__TASK TO CARRY OUT__: Copy out exactly each line from the line with "def apply[F[_, _]: Compose]: ComposeTests[F]" through the last line of the material below.

__SUPPLIED MATERIAL__:

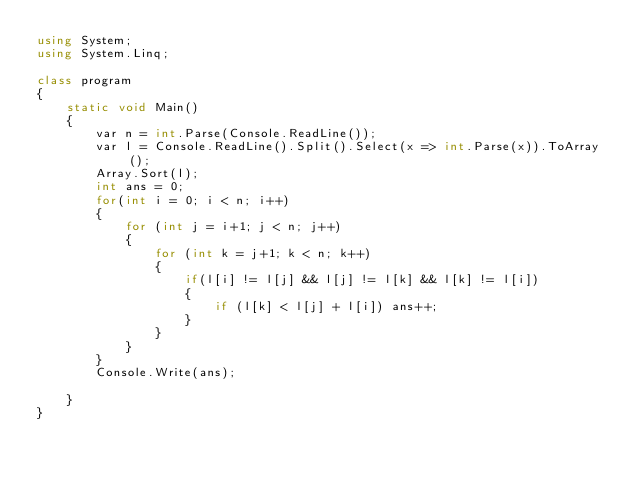Convert code to text. <code><loc_0><loc_0><loc_500><loc_500><_C#_>using System;
using System.Linq;

class program
{
    static void Main()
    {
        var n = int.Parse(Console.ReadLine());
        var l = Console.ReadLine().Split().Select(x => int.Parse(x)).ToArray();
        Array.Sort(l);
        int ans = 0;
        for(int i = 0; i < n; i++)
        {
            for (int j = i+1; j < n; j++)
            {
                for (int k = j+1; k < n; k++)
                {
                    if(l[i] != l[j] && l[j] != l[k] && l[k] != l[i])
                    {
                        if (l[k] < l[j] + l[i]) ans++;
                    }
                }
            }
        }
        Console.Write(ans);
                
    }
}</code> 
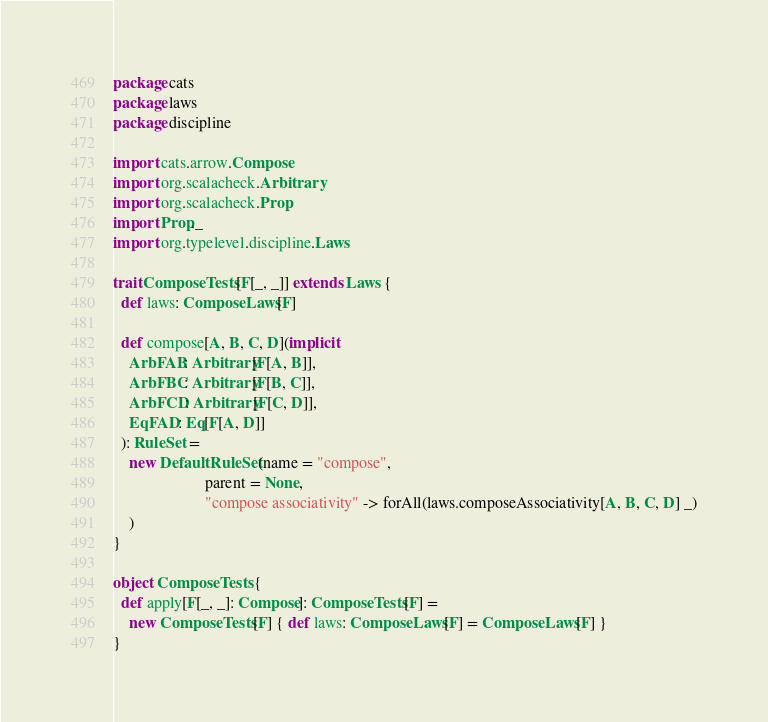<code> <loc_0><loc_0><loc_500><loc_500><_Scala_>package cats
package laws
package discipline

import cats.arrow.Compose
import org.scalacheck.Arbitrary
import org.scalacheck.Prop
import Prop._
import org.typelevel.discipline.Laws

trait ComposeTests[F[_, _]] extends Laws {
  def laws: ComposeLaws[F]

  def compose[A, B, C, D](implicit
    ArbFAB: Arbitrary[F[A, B]],
    ArbFBC: Arbitrary[F[B, C]],
    ArbFCD: Arbitrary[F[C, D]],
    EqFAD: Eq[F[A, D]]
  ): RuleSet =
    new DefaultRuleSet(name = "compose",
                       parent = None,
                       "compose associativity" -> forAll(laws.composeAssociativity[A, B, C, D] _)
    )
}

object ComposeTests {
  def apply[F[_, _]: Compose]: ComposeTests[F] =
    new ComposeTests[F] { def laws: ComposeLaws[F] = ComposeLaws[F] }
}
</code>

__TASK RESULT__:
  def apply[F[_, _]: Compose]: ComposeTests[F] =
    new ComposeTests[F] { def laws: ComposeLaws[F] = ComposeLaws[F] }
}
</code>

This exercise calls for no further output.